2. A call may be changed without penalty (under the provisions of other bridge laws) only if a player has inadvertently taken out the wrong bidding card, and the player corrects, or attempts to correct, without pause for thought, and the player's partner has not made a call.
3. Use of the Stop card has been discontinued. No verbal or visual skip-bid warning should be used. Following a jump in the bidding, left-hand opponent is obligated to wait approximately 10 seconds (while giving the appearance of studying his hand and not in excess time to determine a choice of bids) before making a call.

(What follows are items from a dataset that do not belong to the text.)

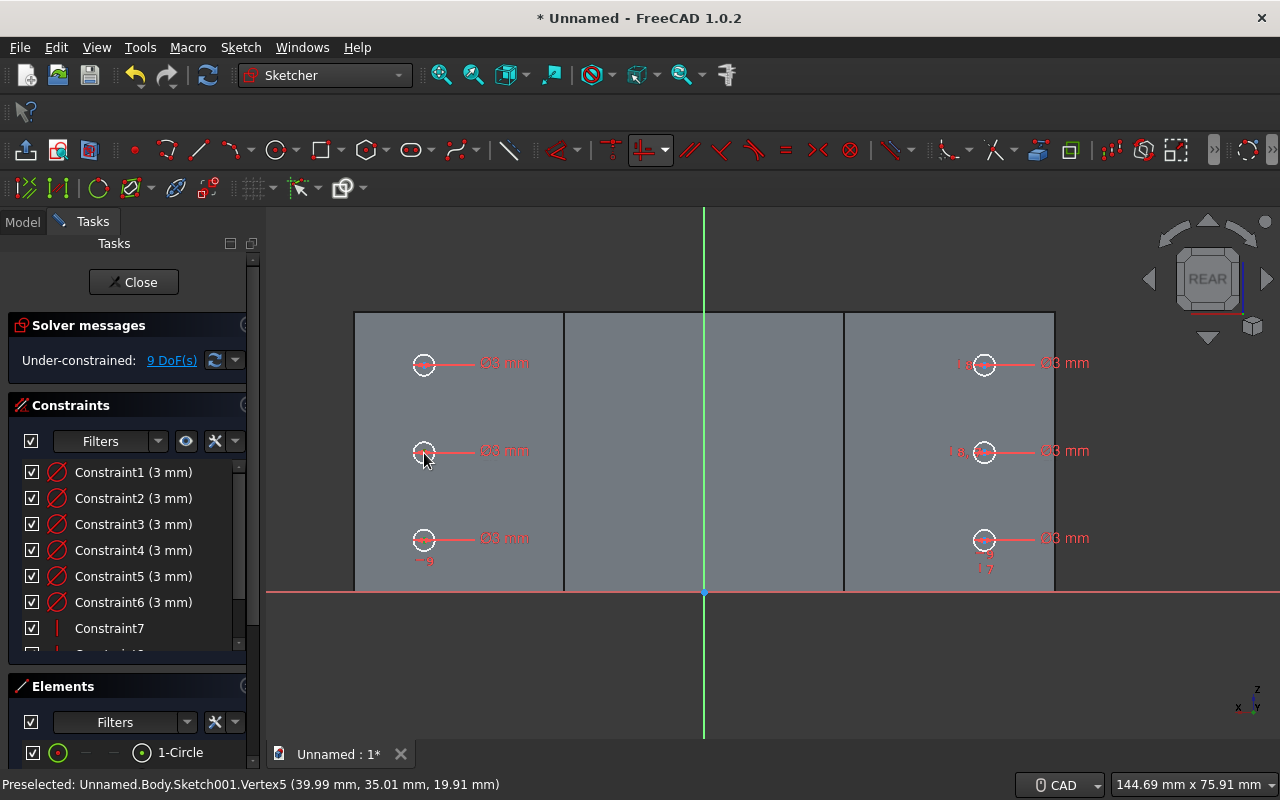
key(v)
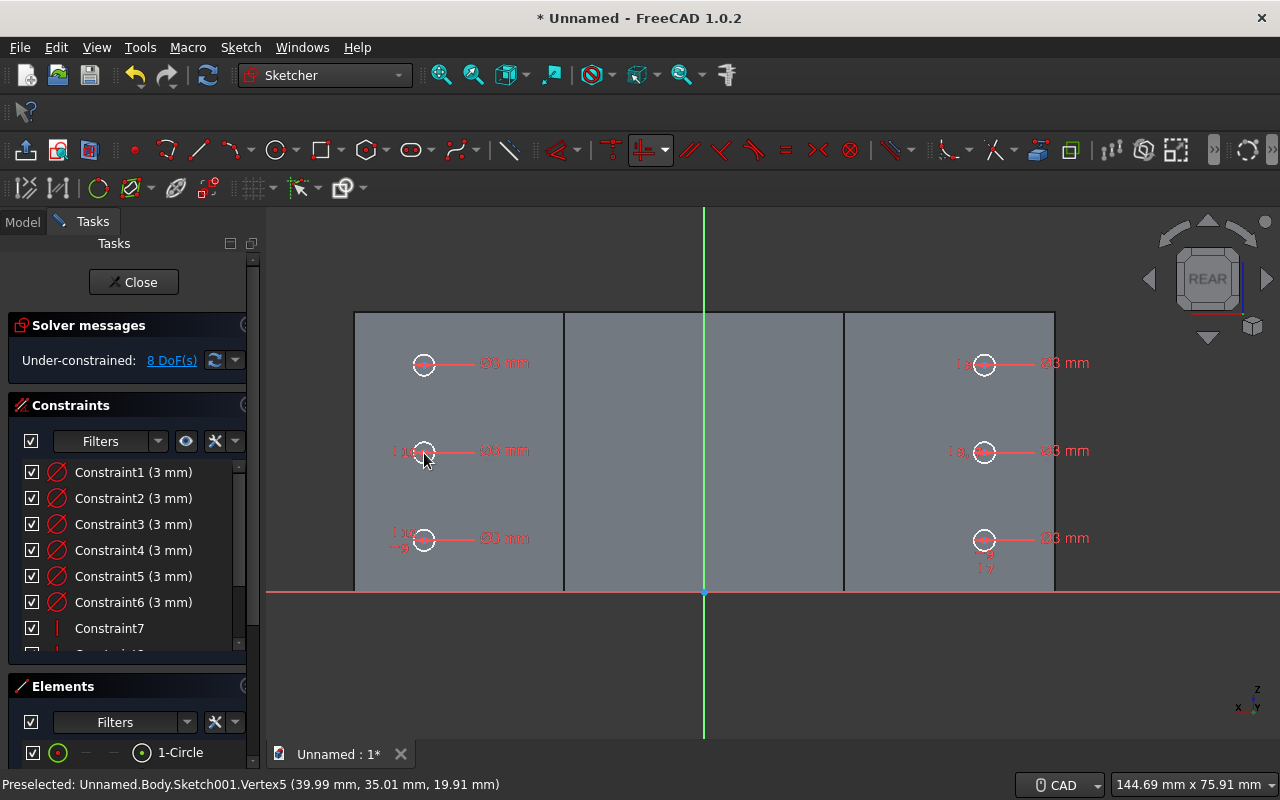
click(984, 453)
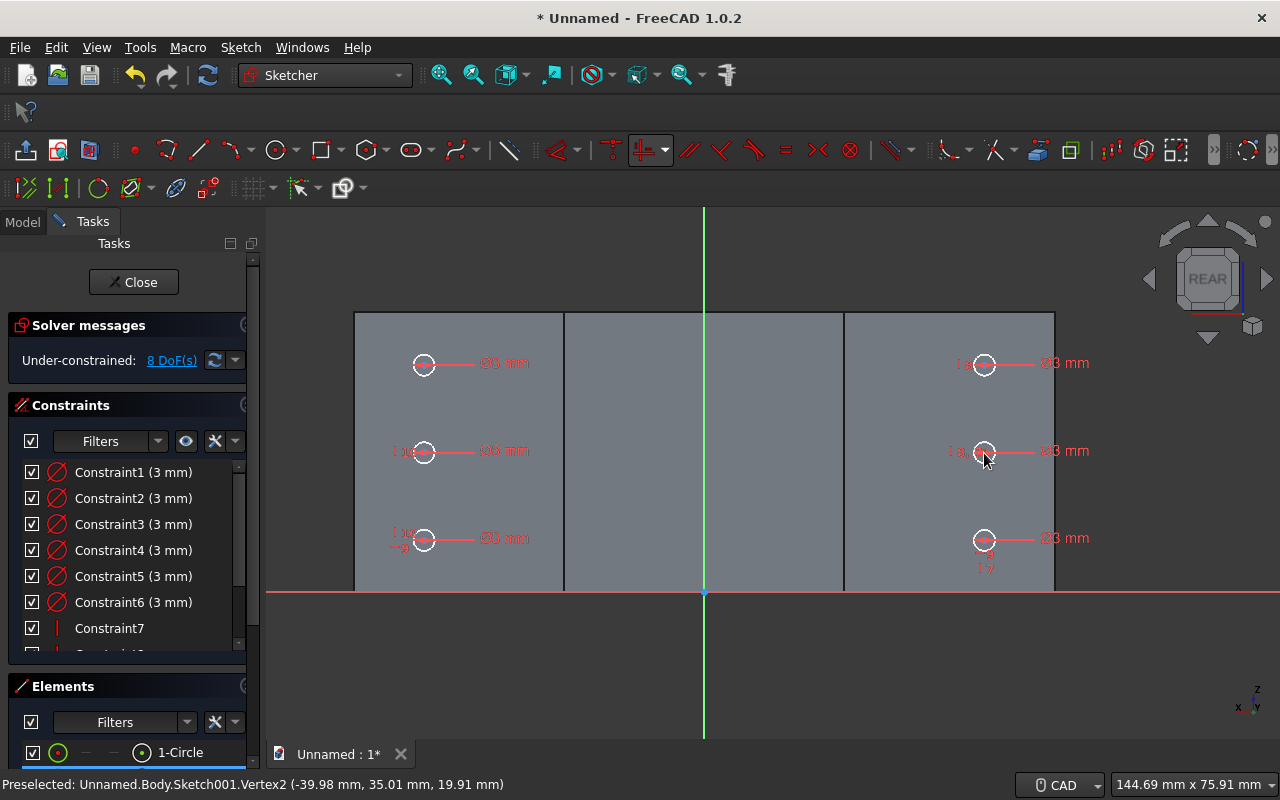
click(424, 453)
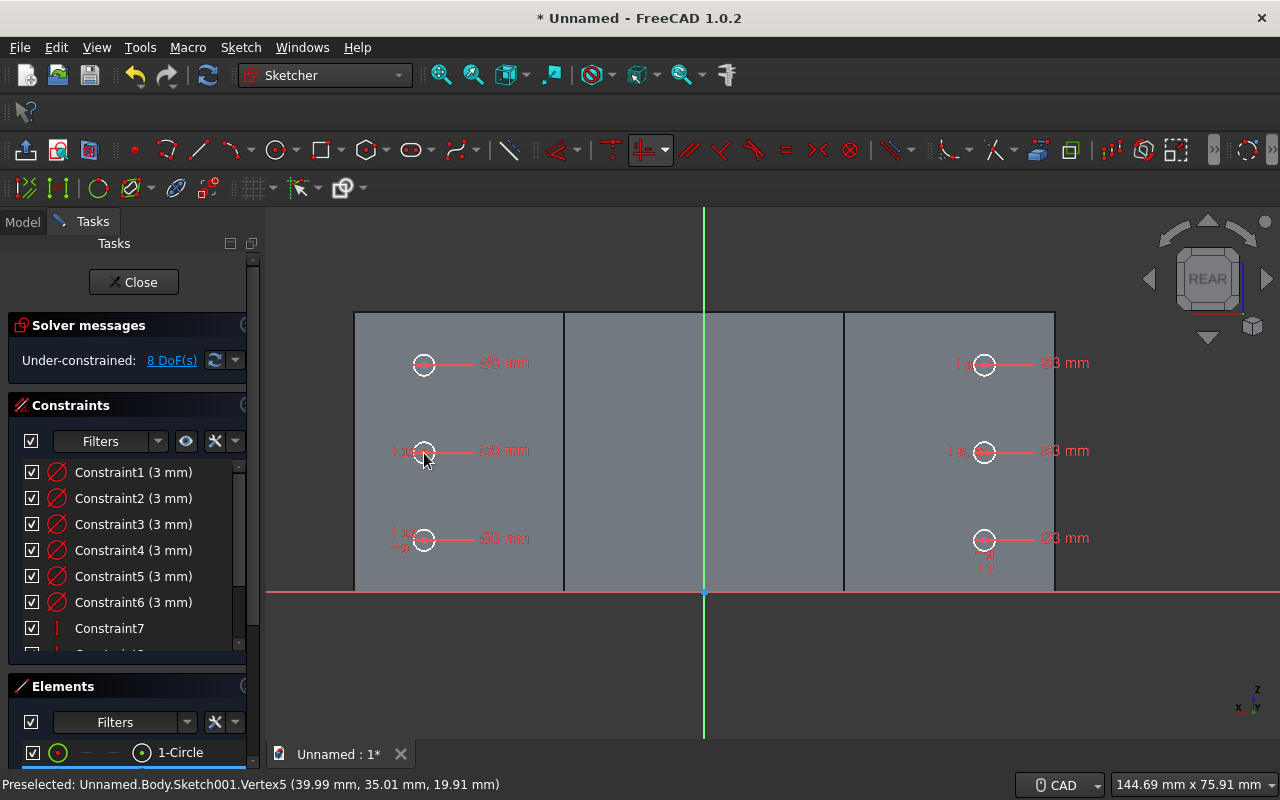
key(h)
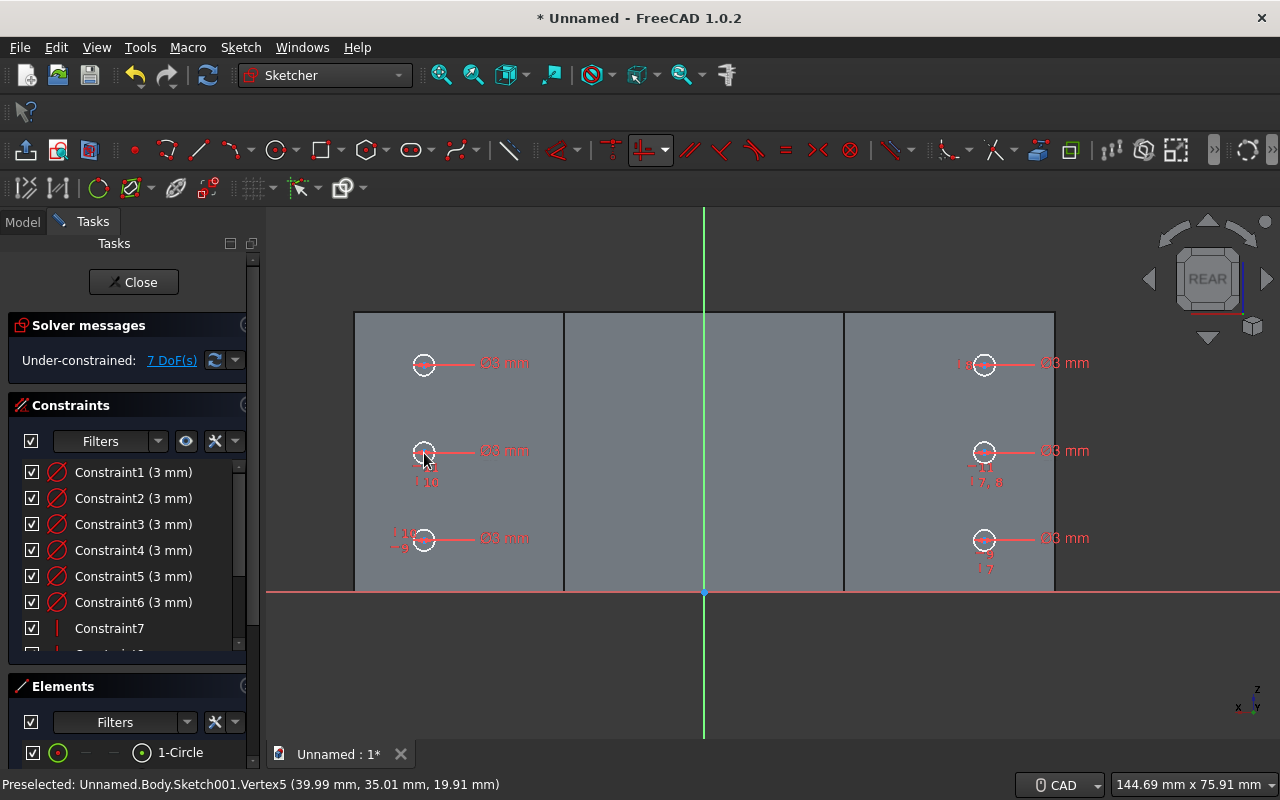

==Accessibility considerations==
Use of bidding boxes greatly improves the game for people with hearing impairment. For tournaments where bidding boxes are not available, sponsoring organizations will allow their use for the tables where they play. In the case of limited availability of the boxes, people with hearing problems will have precedence. Conversely, players with certain physical impairments (blindness, arthritis) may be unable to use bidding boxes and are exempted from their use.

===Laterality===
Most bidding boxes (more precisely, bidding cards) on the market are suited for right-handed people: the tabs of the bid cards grow up from right to left side of the stack, and the printed symbols are right side up when the card is held with the right hand at the tab. That makes it somewhat difficult for left-handed people, who naturally bid with their left hand: they would normally hold the box at the left side of the table, and the card symbols on standard boxes turn upside down unless rotated in an awkward manner. Also, the natural order of placing the cards would be from right to left. Some manufacturers offer bidding boxes for left-handed people, which are constructed (except for the placement of suit symbols on the tabs) and used as mirror images of right-handed boxes. Tournament organizers generally permit the players to carry their own left-handed bidding boxes.

===Color perception===
The card symbols are orange for the diamond pips and green for the club pips, whereas the spade and heart pips are the customary black ( or blue ) and red. No trumps are grey.